To me, this stuff is all a BIG help in mastering. It allows me to very carefully and precisely determine a great deal about levels on the CD, in the electronics and in the room. I can also study and satisfy myself that what I’m doing actually is louder or softer than some reference signal, and by how much, as well as to measure complex spectral changes. It’s a fabulous set of study tools, which really help me with clients’ recordings, not to mention my own.
About Spectrum
At the same time, while mastering we have to concern ourselves with the spectrum of our recording. At this point in the production process, the mix has been fixed, and what is called for is to adjust the overall spectrum of that mix so that it will play back most effectively on our fans’ range of playback systems. This is a very gentle, touchy creative process. Two things are needed:
first, we have to know the spectrum absolutely solidly, so that we can make the various fine adjustments that (a) bring out the best qualities of the mix while (b) gently de-emphasizing spectral problems. All this in a subtle enough way that it ends up just sounding natural and correct for the genre.

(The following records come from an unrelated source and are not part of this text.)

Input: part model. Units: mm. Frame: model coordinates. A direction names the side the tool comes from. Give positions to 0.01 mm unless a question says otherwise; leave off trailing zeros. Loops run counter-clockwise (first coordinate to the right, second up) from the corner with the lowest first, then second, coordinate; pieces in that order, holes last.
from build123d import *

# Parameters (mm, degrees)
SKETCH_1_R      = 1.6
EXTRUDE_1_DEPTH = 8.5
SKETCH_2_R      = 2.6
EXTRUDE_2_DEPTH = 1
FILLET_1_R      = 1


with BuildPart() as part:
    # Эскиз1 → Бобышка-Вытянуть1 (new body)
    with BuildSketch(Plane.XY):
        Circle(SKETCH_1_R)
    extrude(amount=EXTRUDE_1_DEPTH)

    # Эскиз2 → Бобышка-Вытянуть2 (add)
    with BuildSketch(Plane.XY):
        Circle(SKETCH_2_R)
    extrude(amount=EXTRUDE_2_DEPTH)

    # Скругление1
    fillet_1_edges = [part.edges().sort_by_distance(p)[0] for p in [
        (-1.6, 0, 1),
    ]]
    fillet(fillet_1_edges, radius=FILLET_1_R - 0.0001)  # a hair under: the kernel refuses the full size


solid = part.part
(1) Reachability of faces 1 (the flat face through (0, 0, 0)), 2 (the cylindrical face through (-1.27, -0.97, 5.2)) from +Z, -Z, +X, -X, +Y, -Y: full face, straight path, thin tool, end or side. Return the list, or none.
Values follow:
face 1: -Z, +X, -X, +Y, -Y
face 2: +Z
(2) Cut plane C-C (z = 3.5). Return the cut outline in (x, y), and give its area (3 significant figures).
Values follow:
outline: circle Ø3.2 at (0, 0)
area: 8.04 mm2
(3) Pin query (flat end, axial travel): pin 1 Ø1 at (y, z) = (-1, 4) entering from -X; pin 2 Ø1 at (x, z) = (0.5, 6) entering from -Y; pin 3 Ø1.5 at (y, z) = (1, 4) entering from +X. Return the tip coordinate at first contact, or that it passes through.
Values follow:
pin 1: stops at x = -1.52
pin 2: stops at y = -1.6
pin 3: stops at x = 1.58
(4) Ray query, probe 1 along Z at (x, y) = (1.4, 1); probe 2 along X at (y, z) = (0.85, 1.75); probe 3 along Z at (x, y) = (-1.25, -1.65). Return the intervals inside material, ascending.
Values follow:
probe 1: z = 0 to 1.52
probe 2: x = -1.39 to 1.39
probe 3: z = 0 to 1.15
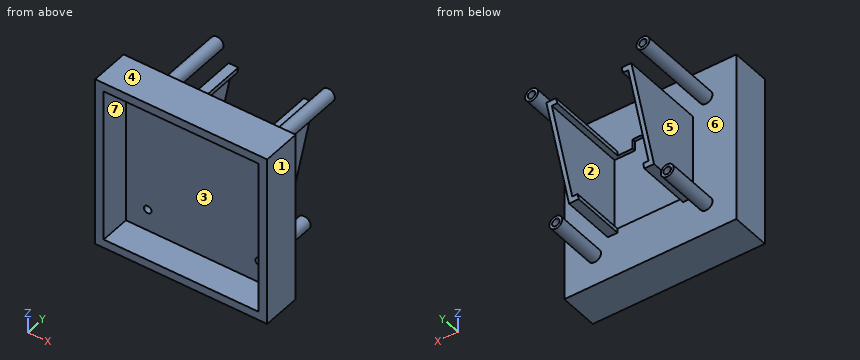
```python
from build123d import *

# Parameters (mm, degrees)
SKETCH1_W               = 80
SKETCH1_H               = 80
BOSS_EXTRUDE1_DEPTH     = 4
CUT_EXTRUDE1_DEPTH      = 1.5
BOSS_EXTRUDE2_DEPTH     = 39
SKETCH5_R               = 3
SKETCH5_R_2             = 1.75
BOSS_EXTRUDE3_DEPTH     = 40
SKETCH6_R               = 4.5
CUT_EXTRUDE2_DEPTH      = 15.39
CUT_EXTRUDE3_DEPTH      = 60.75
SKETCH9_R               = 1.75
CUT_EXTRUDE4_DEPTH      = 41
CUT_EXTRUDE4_DEPTH_BACK = 5
SKETCH10_W              = 80
SKETCH10_H              = 80
SKETCH10_W_2            = 72
SKETCH10_H_2            = 72
BOSS_EXTRUDE5_DEPTH     = 14.1


with BuildPart() as part:
    # Sketch1 → Boss-Extrude1 (new body)
    with BuildSketch(Plane(origin=(0, 0, 0), x_dir=(1, 0, 0), z_dir=(0, 1, 0))):
        Rectangle(SKETCH1_W, SKETCH1_H)
    extrude(amount=BOSS_EXTRUDE1_DEPTH)

    # Sketch2 → Cut-Extrude1 (cut)
    with BuildSketch(Plane(origin=(0, 4, 0), x_dir=(1, 0, 0), z_dir=(0, 1, 0))):
        Polygon((8.25, -17.75), (17.75, -17.75), (17.75, 17.75), (-17.75, 17.75), (-17.75, -17.75), (-8.25, -17.75), (-8.25, -22.25), (8.25, -22.25), align=None)
    extrude(amount=-CUT_EXTRUDE1_DEPTH, mode=Mode.SUBTRACT)

    # Sketch3 → Boss-Extrude2 (add)
    with BuildSketch(Plane(origin=(0, 4, 0), x_dir=(1, 0, 0), z_dir=(0, 1, 0))):
        Polygon((-19.75, 17.75), (-19.75, -17.75), (-19.75, -19.75), (-17.75, -19.75), (-15.25, -19.75), (-15.25, -17.75), (-17.75, -17.75), (-17.75, 17.75), (-15.25, 17.75), (-15.25, 19.75), (-17.75, 19.75), (-19.75, 19.75), align=None)
        Polygon((19.75, 17.75), (19.75, -17.75), (19.75, -19.75), (17.75, -19.75), (15.25, -19.75), (15.25, -17.75), (17.75, -17.75), (17.75, 17.75), (15.25, 17.75), (15.25, 19.75), (17.75, 19.75), (19.75, 19.75), align=None)
    extrude(amount=BOSS_EXTRUDE2_DEPTH)

    # Sketch5 → Boss-Extrude3 (add)
    with BuildSketch(Plane(origin=(0, 4, 0), x_dir=(1, 0, 0), z_dir=(0, 1, 0))):
        with Locations((25.9, 25.9)):
            Circle(SKETCH5_R)
        with Locations((25.9, 25.9)):
            Circle(SKETCH5_R_2, mode=Mode.SUBTRACT)
        with Locations((-25.9, 25.9)):
            Circle(SKETCH5_R)
        with Locations((-25.9, 25.9)):
            Circle(SKETCH5_R_2, mode=Mode.SUBTRACT)
        with Locations((-25.9, -25.9)):
            Circle(SKETCH5_R)
        with Locations((-25.9, -25.9)):
            Circle(SKETCH5_R_2, mode=Mode.SUBTRACT)
        with Locations((25.9, -25.9)):
            Circle(SKETCH5_R)
        with Locations((25.9, -25.9)):
            Circle(SKETCH5_R_2, mode=Mode.SUBTRACT)
    extrude(amount=BOSS_EXTRUDE3_DEPTH)

    # Sketch6 → Cut-Extrude2 (cut)
    with BuildSketch(Plane(origin=(0, 44, 0), x_dir=(1, 0, 0), z_dir=(0, 1, 0))):
        with Locations((-25.9, 25.9)):
            Circle(SKETCH6_R)
        with Locations((25.9, 25.9)):
            Circle(SKETCH6_R)
    extrude(amount=-CUT_EXTRUDE2_DEPTH, mode=Mode.SUBTRACT)

    # Sketch7 → Cut-Extrude3 (cut, through all)
    with BuildSketch(Plane.ZY.offset(19.75)):
        Polygon((-19.75, 28.61), (19.75, 43), (-19.75, 43), align=None)
    extrude(amount=-CUT_EXTRUDE3_DEPTH, mode=Mode.SUBTRACT)

    # Sketch9 → Cut-Extrude4 (cut, two sides)
    with BuildSketch(Plane(origin=(0, 4, 0), x_dir=(1, 0, 0), z_dir=(0, 1, 0))) as cut_extrude4_sk:
        with Locations((-25.9, 25.9)):
            Circle(SKETCH9_R)
        with Locations((-25.9, -25.9)):
            Circle(SKETCH9_R)
        with Locations((25.9, -25.9)):
            Circle(SKETCH9_R)
        with Locations((25.9, 25.9)):
            Circle(SKETCH9_R)
    extrude(amount=CUT_EXTRUDE4_DEPTH, mode=Mode.SUBTRACT)
    extrude(cut_extrude4_sk.sketch, amount=-CUT_EXTRUDE4_DEPTH_BACK, mode=Mode.SUBTRACT)

    # Sketch10 → Boss-Extrude5 (add)
    with BuildSketch(Plane.XZ):
        Rectangle(SKETCH10_W, SKETCH10_H)
        Rectangle(SKETCH10_W_2, SKETCH10_H_2, mode=Mode.SUBTRACT)
    extrude(amount=BOSS_EXTRUDE5_DEPTH)


solid = part.part
```
CAD build for the part. Positions are in the model's coordinates, mm. Face numbers are marked on the shaded views. A direction names the side the tool comes from. Round coordinates to 2 decimals unless told otherwise and drop trailing zeros. Order: outer loops, then holes, each group sorted by start corner. A loop starts at its lowest first (then second) coordinate and runs counter-clockwise, first axis right, second up.
Q1. Slice it at D-D (x = -25.9). Write the cut outline in (y, z), and give its area (3 significant figures).
Q2. Drop flat-ended pins along their axis: pin 1 (1.6 mm diameter, centred on y = 21, z = 19, fed in from -X); pin 2 (1.3 mm diameter, centred on x = 18, y = 27.5, fed in from +Z); pin 3 (11.5 mm diameter, centred on y = 14, z = -3, fed in from +X). Give the stop position or say it passes through.
Q3. Which spindle directions (+Z, -Z, +X, -X, +Y, -Y) get a long thin tool onto all of the face, cutting with end or side? Do the marked faces 1, 2 and 3. Say none if no direction does.
Q4. Slice it at A-A (y = 16). State how many separate pieces and enclosed holes the cut face has, and give its area (3 significant figures).
Q5. Slice it at B-B (z = -25.9). Write the cut outline in (x, y).
Q6. Wall check: L1, parallel to X at y = 2.4, z = 25.9; L2, parallel to X at y = 9.5, z = -25.9. Give the ranges that are in metal, low to high.
Q7. Slice it at C-C (y = 33.5). Write the cut outline in (x, z).
Q8. Two-plate mould, pull along Z, no slides. Class the marked faces 4, 5, 6 and 7: pulls with the +Z half, pulls with the -Z half, needs draft (parallel to the pull), parting line crosses it, or undercut.
Results below:
1. outline: (-14.1, -40) - (4, -40) - (4, -28.9) - (28.61, -28.9) - (28.61, -27.65) - (0, -27.65) - (0, -36) - (-14.1, -36) - close; (-14.1, 36) - (0, 36) - (0, 27.65) - (44, 27.65) - (44, 28.9) - (4, 28.9) - (4, 40) - (-14.1, 40) - close; (0, -24.15) - (28.61, -24.15) - (28.61, -22.9) - (4, -22.9) - (4, 22.9) - (44, 22.9) - (44, 24.15) - (0, 24.15) - close
1. area: 566 mm2
2. pin 1: stops at x = -19.75
2. pin 2: stops at z = 19.75
2. pin 3: stops at x = 19.75
3. face 1: +Z, -Z, +X, +Y, -Y
3. face 2: +Y
3. face 3: -Y
4. separate pieces: 6
4. enclosed holes: 4
4. area: 253 mm2
5. outline: (-40, -14.1) - (-36, -14.1) - (-36, 0) - (-27.65, 0) - (-27.65, 28.61) - (-28.9, 28.61) - (-28.9, 4) - (-40, 4) - close; (-24.15, 0) - (24.15, 0) - (24.15, 28.61) - (22.9, 28.61) - (22.9, 4) - (-22.9, 4) - (-22.9, 28.61) - (-24.15, 28.61) - close; (27.65, 0) - (36, 0) - (36, -14.1) - (40, -14.1) - (40, 4) - (28.9, 4) - (28.9, 28.61) - (27.65, 28.61) - close
6. L1: x = -40 to -27.65, -24.15 to 24.15, 27.65 to 40
6. L2: x = -28.9 to -27.65, -24.15 to -22.9, 22.9 to 24.15, 27.65 to 28.9
7. outline: circle Ø6 at (-25.9, 25.9); (-19.75, -6.33) - (-17.75, -6.33) - (-17.75, 17.75) - (-15.25, 17.75) - (-15.25, 19.75) - (-19.75, 19.75) - close; (15.25, 17.75) - (17.75, 17.75) - (17.75, -6.33) - (19.75, -6.33) - (19.75, 19.75) - (15.25, 19.75) - close; circle Ø6 at (25.9, 25.9); hole circle Ø3.5 at (-25.9, 25.9); hole circle Ø3.5 at (25.9, 25.9)
8. face 4: pulls with the +Z half
8. face 5: needs draft
8. face 6: undercut
8. face 7: undercut
Geometry: final body of the model. Coordinates: model frame, mm. A direction names the side the tool comes from. Coordinates: 2 decimals unless noted, no trailing zeros. Order: outer loops, then holes, each group sorted by start corner. A loop starts at its lowest first (then second) coordinate and runs counter-clockwise, first axis right, second up. Notation, with made-up numbers: M -5,50 L 38,50 A28 cw 38,73 Z; hole C 63,-28.75 d3. An arc over 180 degrees is marked long. One line per question, with ' | ' between items.
from build123d import *

# Parameters (mm, degrees)
F0_W      = 152.4
F0_H      = 76.2
F1_DEPTH  = 50.8
F2_W      = 25.4
F2_H      = 76.2
F3_DEPTH  = 12.7
F4_W      = 25.4
F4_H      = 76.2
F5_DEPTH  = 12.7
F7_DEPTH  = 76.201
F9_DEPTH  = 76.201
F12_DEPTH = 76.201


with BuildPart() as f1:
    # F0 (on Top) → F1 (new body)
    with BuildSketch(Plane.XY):
        Rectangle(F0_W, F0_H)
    extrude(amount=F1_DEPTH)

    # F2 (on face) → F3 (cut)
    with BuildSketch(Plane.XY.offset(50.8)):
        with Locations((63.5, 0)):
            Rectangle(F2_W, F2_H)
    extrude(amount=-F3_DEPTH, mode=Mode.SUBTRACT)

    # F4 (on face) → F5 (cut)
    with BuildSketch(Plane.XY.offset(50.8)):
        with Locations((-63.5, 0)):
            Rectangle(F4_W, F4_H)
    extrude(amount=-F5_DEPTH, mode=Mode.SUBTRACT)

    # F6 (on face) → F7 (cut, through all)
    with BuildSketch(Plane.XZ.offset(38.1)):
        Polygon((-50.8, 50.8), (-50.8, 38.1), (-38.1, 38.1), align=None)
    extrude(amount=-F7_DEPTH, mode=Mode.SUBTRACT)

    # F8 (on face) → F9 (cut, through all)
    with BuildSketch(Plane.XZ.offset(38.1)):
        Polygon((38.1, 38.1), (50.8, 38.1), (50.8, 50.8), align=None)
    extrude(amount=-F9_DEPTH, mode=Mode.SUBTRACT)

    # F11 (on face) → F12 (cut, through all)
    with BuildSketch(Plane.XZ.offset(38.1)):
        Polygon((-50.802752, 12.51767), (-38.731508, 0), (38.622994, 0), (50.940588, 12.51767), align=None)
    extrude(amount=-F12_DEPTH, mode=Mode.SUBTRACT)


solid = f1.part
1. Material intervals for line 1 (Z direction, x = 47, y = 0); line 2 (Z direction, x = 43.5, y = 12); line 3 (X direction, y = 19, z = 5), sorted ascending. Write a range as [from, to].
Response values:
line 1: z = [0, 8.51], [12.52, 38.1], [47, 50.8] | line 2: z = [0, 4.96], [12.52, 38.1], [43.5, 50.8] | line 3: x = [-76.2, -43.55], [43.54, 76.2]
2. Section B-B, the plane z = 3. Output: boundary loops of the cut face in (x, y), and give its area (3 significant figures).
Response values:
outline: M -76.2,-38.1 L -41.62,-38.1 L -41.62,38.1 L -76.2,38.1 Z; M 41.58,-38.1 L 76.2,-38.1 L 76.2,38.1 L 41.58,38.1 Z | area: 5,270 mm^2
3. Section C-C, the plane x = 56. Output: boundary loops of the cut face in (y, z), and give its area (3 significant figures).
Response values:
outline: M -38.1,0 L 38.1,0 L 38.1,38.1 L -38.1,38.1 Z | area: 2,900 mm^2
4. Access query for faces 5 (the face through (-1, -38.1, 25)), 6 (the face through (-44, -1, 44)), 7 (the face through (-44.852, -0.533, 6.346)). Directions: +Z, -Z, +X, -X, +Y, -Y. A direction counts if a zero-diameter tool reaches every point of the face in a straight line with its end or side. Return the directions, or none.
Response values:
face 5: +Z, -Z, +X, -X, -Y | face 6: -X, +Y, -Y | face 7: +Y, -Y
5. Draft query along Z for faces 1 (the face through (-76.2, -1, 19)), 2 (the face through (57, 1, 38.1)), 3 (the face through (57, 1, 0)), 4 (the face through (45, -1, 45)). Return one class per face: pulls with the +Z half, pulls with the -Z half, needs draft (parallel to the pull), parting line crosses it, or undercut.
Response values:
face 1: needs draft | face 2: undercut | face 3: pulls with the -Z half | face 4: undercut
6. Pin query (flat end, axial travel): P1, Ø4, axis at y = 10.5, z = 40.5, coming from the +X side; P2, Ø10, axis at x = -7, y = -4.5, coming from the -Z side; P3, Ø19, axis at x = 62.5, y = -19, coming from the +Z side. Return the tip coordinate at first contact, or that it passes through.
Response values:
P1: stops at x = 42.5 | P2: stops at z = 12.52 | P3: stops at z = 38.1
7. Section A-A, the plane y = 13. Output: boundary loops of the cut face in (x, z).
Response values:
outline: M -76.2,0 L -38.73,0 L -50.8,12.52 L 50.94,12.52 L 38.62,0 L 76.2,0 L 76.2,38.1 L 38.1,38.1 L 50.8,50.8 L -50.8,50.8 L -38.1,38.1 L -76.2,38.1 Z
8. Section D-D, the plane z = 46. Output: boundary loops of the cut face in (x, y), and give its area (3 significant figures).
Response values:
outline: M -46,-38.1 L 46,-38.1 L 46,38.1 L -46,38.1 Z | area: 7,010 mm^2

Second, we have to successfully anticipate how this spectrum will sound for the broad range of end-users. This one is really tough! It takes years of apprenticeship and mastering experience to develop the feel and touch needed to make such anticipations reliably. In fact, this is probably the strongest argument for NOT doing it yourself.
For me, the touchiest parts of the spectrum are the bass (from 120 Hz. on down) and the extremely critical octave band around 4 kHz. If you can get those to sit right, you’re well on the way. Immediately above the bass range, in the lower mid-range, from 120 to about 500 Hz., there can be many troubling problems that distinguish themselves as tubbiness, muddiness, thickness, etc. However, if you simply turn down this part of the spectrum, you run the risk of making the mix thin, wimpy and/or sterile. You need to be very picky about what you turn down.
Similarly, in the octave between 500 and 1000 Hz., if you reduce level the mix will tend to sound “open” and “transparent,” while if you boost level the mix will tend to sound “rich,” “warm” and “full.” The trick is, of course, to tease out both sets of qualities, so the mix sounds “warm,” “open,” “full,” “rich” and “transparent.” This takes work, practice and ears!
From 1 kHz. to 3.5 kHz. is a range where many overtones exist, including some fairly harsh resonances. A lot of experimentation and care are needed here to bring out the best while avoiding the nasty stuff.
I find the region above 5 kHz. fairly easy to deal with unless there are real sibilance problems in the mix. There is a metallic brilliance up here, and above that, “airiness.” The main thing is to make sure that you don’t lose these qualities, while at the same time not being crass about it. You need to tiptoe between giving enough top end so the boombox listeners can sense some of that brilliance while audiophile listeners won’t find their wine-glasses shattering due to excess ultrasonic energy.
To do all this, you need to have a gentle but sure touch with the equalizer. This is not a place for dramatic timbral gestures! As far as I’m concerned, when you are done equalizing, the recording should seem to distinctly emerge when you switch the EQ in, but WITHOUT the actual level going up! (Check on this last! I’ve bagged myself more times than I care to remember on just this issue – thinking I’ve really improved the spectrum only to find that what I’ve really done is turned the level up 6 dB!!!)
Good luck with this!